=== Stored data ===

- - - -

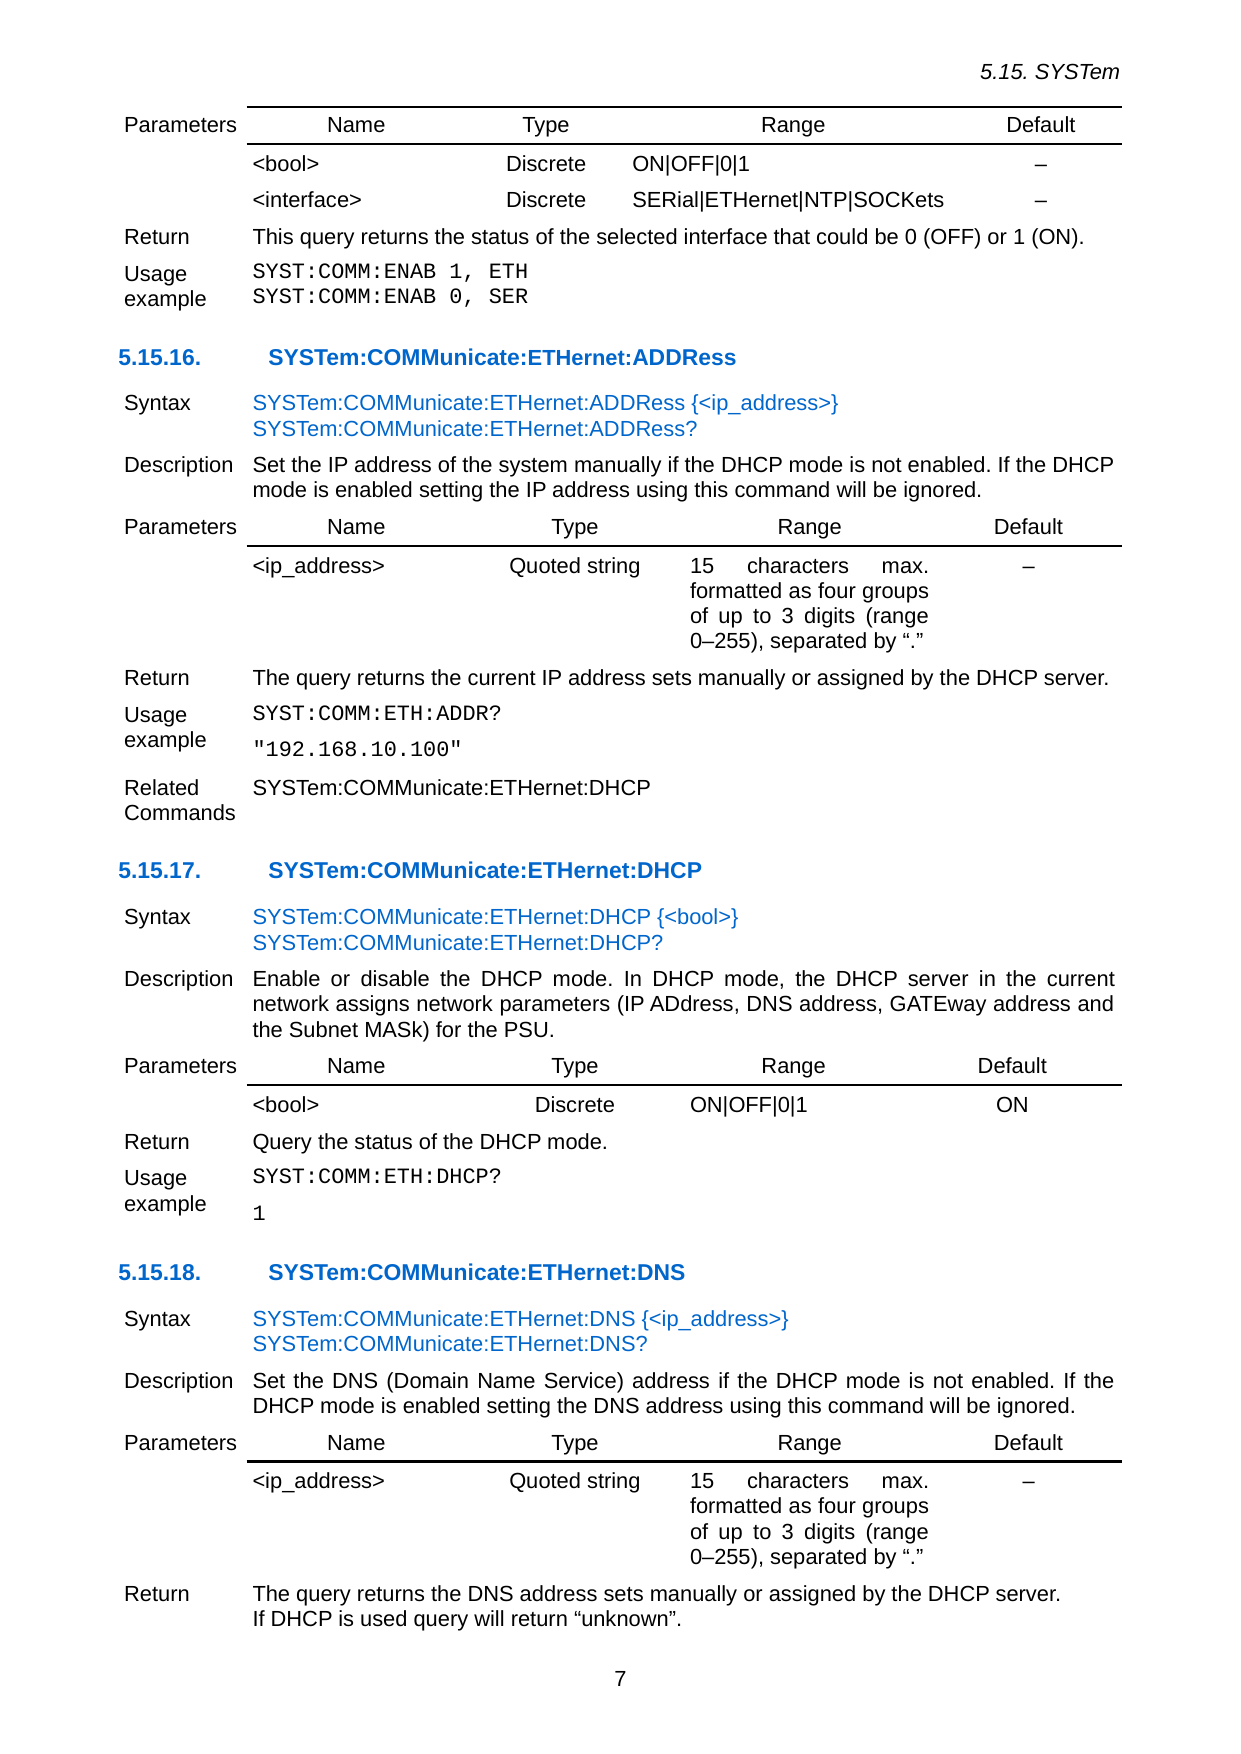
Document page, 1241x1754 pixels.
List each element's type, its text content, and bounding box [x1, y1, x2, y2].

table_cell Discrete [465, 145, 626, 182]
table_header Syntax [118, 385, 247, 446]
table_cell Query the status of the DHCP mode. [247, 1123, 1122, 1159]
table_cell Parameters [118, 508, 247, 659]
table_cell Range [684, 508, 935, 545]
table_cell Discrete [465, 182, 626, 218]
table_cell This query returns the status of the selected interface that could be 0 (OFF) or 1 (ON). [247, 218, 1122, 255]
table_cell The query returns the current IP address sets manually or assigned by the DHCP server. [247, 659, 1122, 696]
table_cell Name [247, 508, 465, 545]
table_cell Default [960, 108, 1122, 143]
table_cell Return [118, 1575, 247, 1637]
table_cell Range [684, 1424, 935, 1460]
table_cell Name [247, 1048, 465, 1084]
table_cell <interface> [247, 182, 465, 218]
table_cell ON [903, 1086, 1122, 1123]
table_cell SERial|ETHernet|NTP|SOCKets [626, 182, 959, 218]
table_cell SYST:COMM:ETH:DHCP? 1 [247, 1160, 1122, 1232]
table_cell Enable or disable the DHCP mode. In DHCP mode, the DHCP server in the current network assigns network parameters (IP ADdress, DNS address, GATEway address and the Subnet MASk) for the PSU. [247, 960, 1122, 1047]
table_cell <ip_address> [247, 547, 465, 659]
table_cell Parameters [118, 1048, 247, 1123]
table_cell – [935, 547, 1122, 659]
table_cell Description [118, 960, 247, 1047]
table_cell Set the IP address of the system manually if the DHCP mode is not enabled. If the DHCP mode is enabled setting the IP address using this command will be ignored. [247, 446, 1122, 508]
table_cell <bool> [247, 145, 465, 182]
table_cell Return [118, 218, 247, 255]
table_cell Return [118, 659, 247, 696]
table_cell Range [626, 108, 959, 143]
table_cell Default [935, 508, 1122, 545]
table_cell Usage example [118, 1160, 247, 1232]
table_cell Quoted string [465, 547, 684, 659]
table_cell Default [935, 1424, 1122, 1460]
table_cell Type [465, 1048, 684, 1084]
table_cell – [960, 145, 1122, 182]
table_cell 15 characters max. formatted as four groups of up to 3 digits (range 0–255), separated by “.” [684, 1463, 935, 1575]
table_cell Description [118, 1362, 247, 1424]
table_cell SYSTem:COMMunicate:ETHernet:DHCP [247, 769, 1122, 831]
table_cell Type [465, 508, 684, 545]
table_cell Return [118, 1123, 247, 1159]
subtitle SYSTem:COMMunicate:ETHernet:DHCP [118, 857, 1122, 884]
table_cell Set the DNS (Domain Name Service) address if the DHCP mode is not enabled. If the DHCP mode is enabled setting the DNS address using this command will be ignored. [247, 1362, 1122, 1424]
table_cell <ip_address> [247, 1463, 465, 1575]
table_cell 15 characters max. formatted as four groups of up to 3 digits (range 0–255), separated by “.” [684, 547, 935, 659]
table_header Syntax [118, 899, 247, 960]
table_cell <bool> [247, 1086, 465, 1123]
table_cell – [935, 1463, 1122, 1575]
table_cell Name [247, 108, 465, 143]
table_cell Usage example [118, 696, 247, 769]
table_header SYSTem:COMMunicate:ETHernet:ADDRess {<ip_address>} SYSTem:COMMunicate:ETHernet:ADDRess? [247, 385, 1122, 446]
table_cell Default [903, 1048, 1122, 1084]
table_cell Usage example [118, 255, 247, 317]
table_cell – [960, 182, 1122, 218]
table_cell Name [247, 1424, 465, 1460]
table_cell Range [684, 1048, 903, 1084]
table_cell SYST:COMM:ETH:ADDR? "192.168.10.100" [247, 696, 1122, 769]
table_cell SYST:COMM:ENAB 1, ETH SYST:COMM:ENAB 0, SER [247, 255, 1122, 317]
table_cell Type [465, 108, 626, 143]
table_cell Description [118, 446, 247, 508]
table_cell The query returns the DNS address sets manually or assigned by the DHCP server. If DHCP is used query will return “unknown”. [247, 1575, 1122, 1637]
table_cell Parameters [118, 106, 247, 218]
table_cell Parameters [118, 1424, 247, 1575]
table_cell ON|OFF|0|1 [626, 145, 959, 182]
subtitle SYSTem:COMMunicate:ETHernet:DNS [118, 1259, 1122, 1285]
table_cell Type [465, 1424, 684, 1460]
table_cell Discrete [465, 1086, 684, 1123]
table_cell ON|OFF|0|1 [684, 1086, 903, 1123]
table_cell Quoted string [465, 1463, 684, 1575]
table_header Syntax [118, 1300, 247, 1362]
table_cell Related Commands [118, 769, 247, 831]
table_header SYSTem:COMMunicate:ETHernet:DHCP {<bool>} SYSTem:COMMunicate:ETHernet:DHCP? [247, 899, 1122, 960]
table_header SYSTem:COMMunicate:ETHernet:DNS {<ip_address>} SYSTem:COMMunicate:ETHernet:DNS? [247, 1300, 1122, 1362]
subtitle SYSTem:COMMunicate:ETHernet:ADDRess [118, 343, 1122, 370]
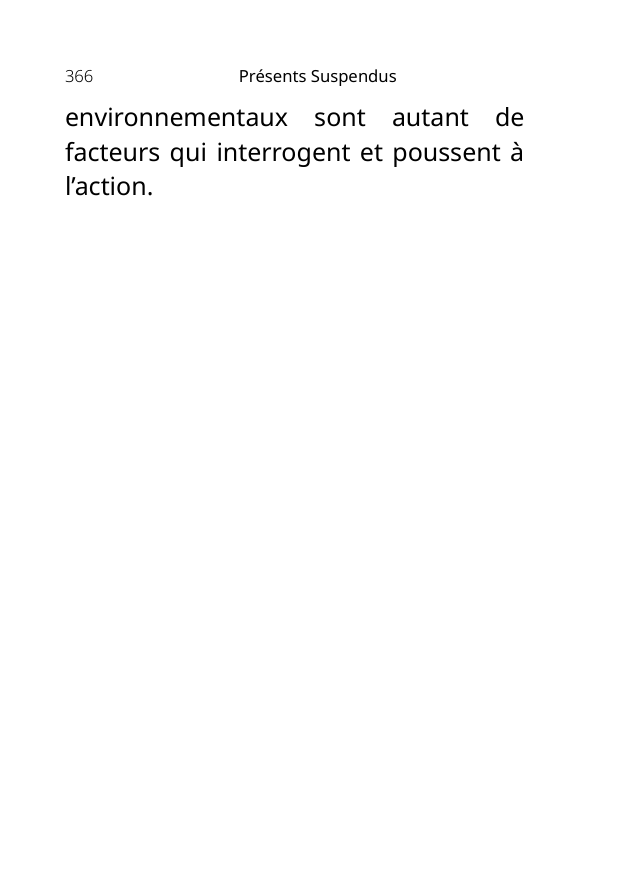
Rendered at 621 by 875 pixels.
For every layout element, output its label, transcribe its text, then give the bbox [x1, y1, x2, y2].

text environnementaux sont autant de facteurs qui interrogent et poussent à l’action. [65, 100, 524, 202]
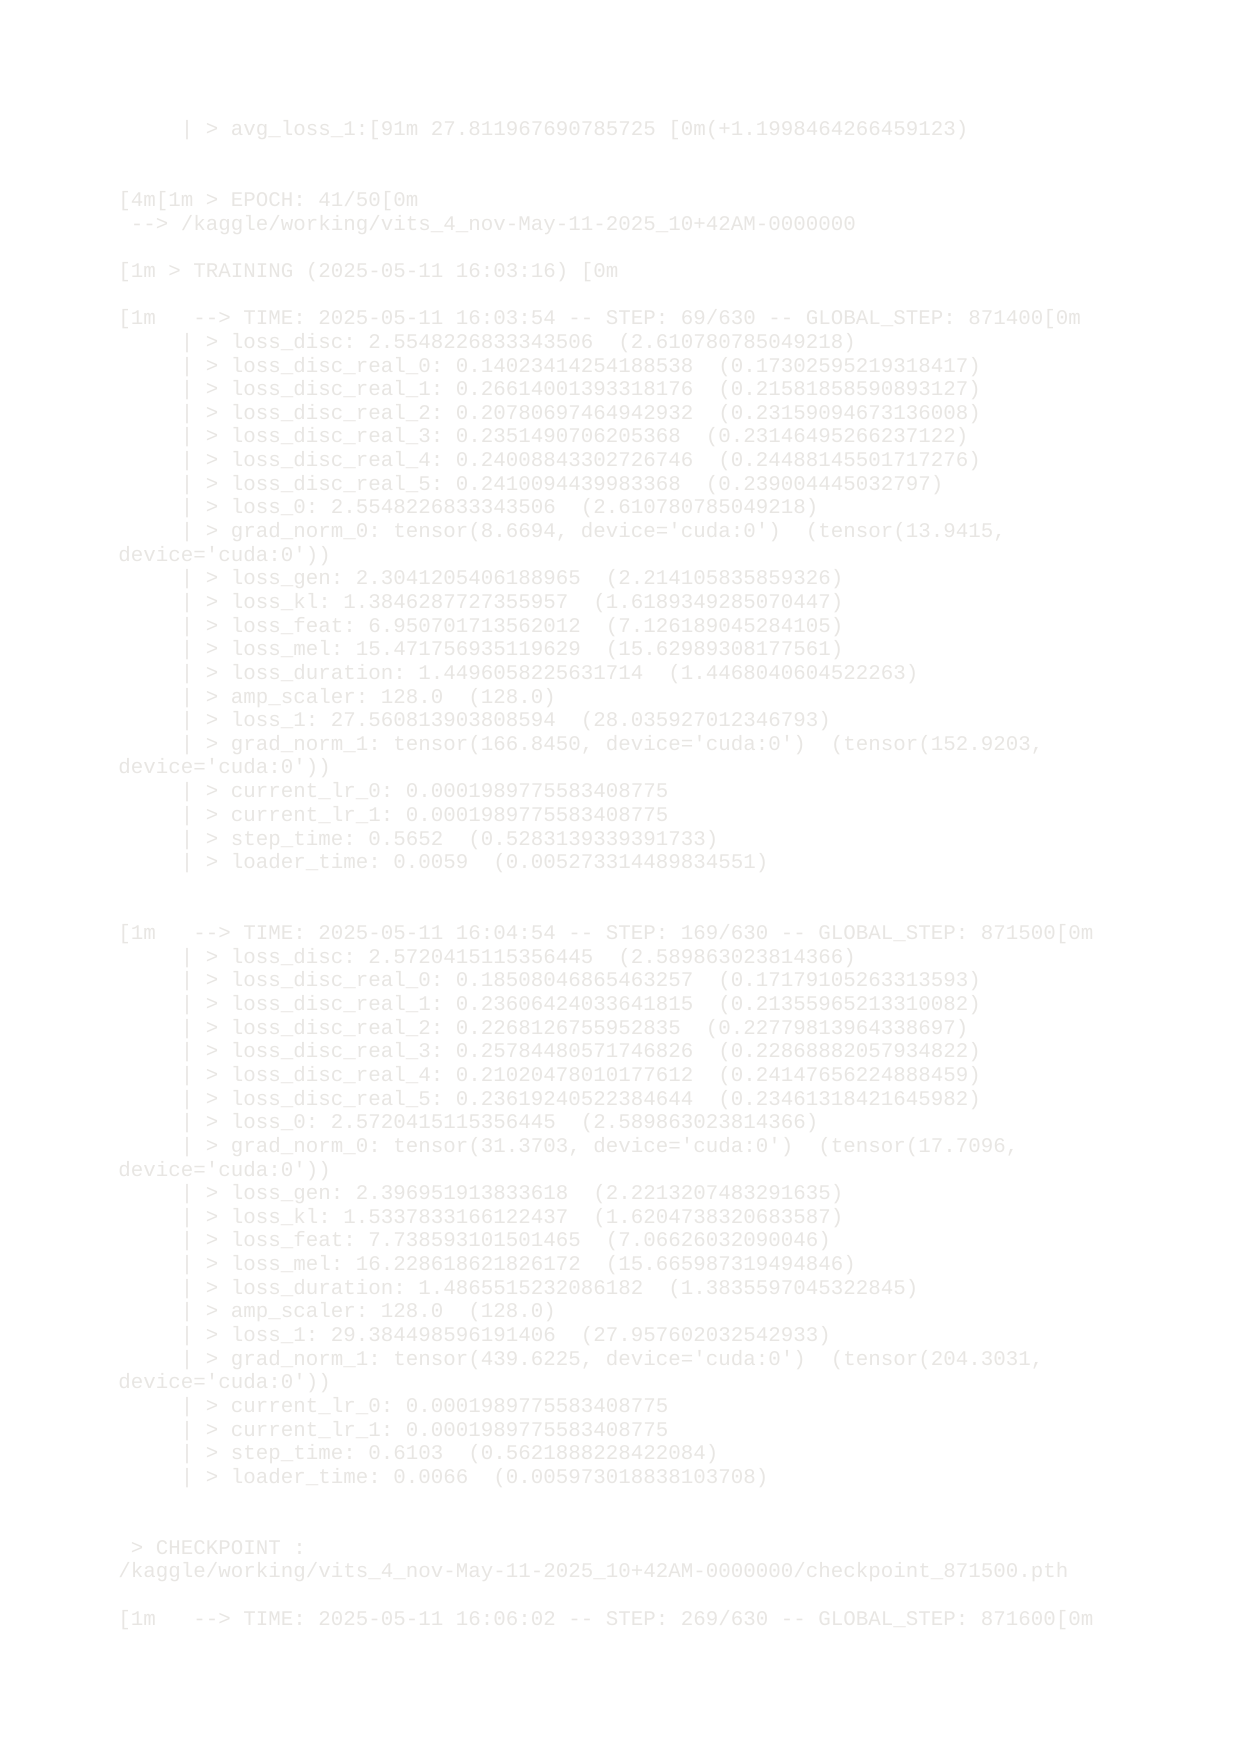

- - - -

=== BRIEF ===
Leave the pictures out, and restate exactly the lines from the start of the records through the one that contains "table_cell Parameters [118, 1048, 247, 1123]".

=== TASK ANSWER ===
Document page, 1241x1754 pixels.
List each element's type, its text content, and bounding box [x1, y1, x2, y2].

table_cell Discrete [465, 145, 626, 182]
table_header Syntax [118, 385, 247, 446]
table_cell Query the status of the DHCP mode. [247, 1123, 1122, 1159]
table_cell Parameters [118, 508, 247, 659]
table_cell Range [684, 508, 935, 545]
table_cell Discrete [465, 182, 626, 218]
table_cell This query returns the status of the selected interface that could be 0 (OFF) or 1 (ON). [247, 218, 1122, 255]
table_cell The query returns the current IP address sets manually or assigned by the DHCP server. [247, 659, 1122, 696]
table_cell Name [247, 508, 465, 545]
table_cell Default [960, 108, 1122, 143]
table_cell Return [118, 1575, 247, 1637]
table_cell Range [684, 1424, 935, 1460]
table_cell Name [247, 1048, 465, 1084]
table_cell <interface> [247, 182, 465, 218]
table_cell ON [903, 1086, 1122, 1123]
table_cell SERial|ETHernet|NTP|SOCKets [626, 182, 959, 218]
table_cell SYST:COMM:ETH:DHCP? 1 [247, 1160, 1122, 1232]
table_cell Enable or disable the DHCP mode. In DHCP mode, the DHCP server in the current network assigns network parameters (IP ADdress, DNS address, GATEway address and the Subnet MASk) for the PSU. [247, 960, 1122, 1047]
table_cell <ip_address> [247, 547, 465, 659]
table_cell Parameters [118, 1048, 247, 1123]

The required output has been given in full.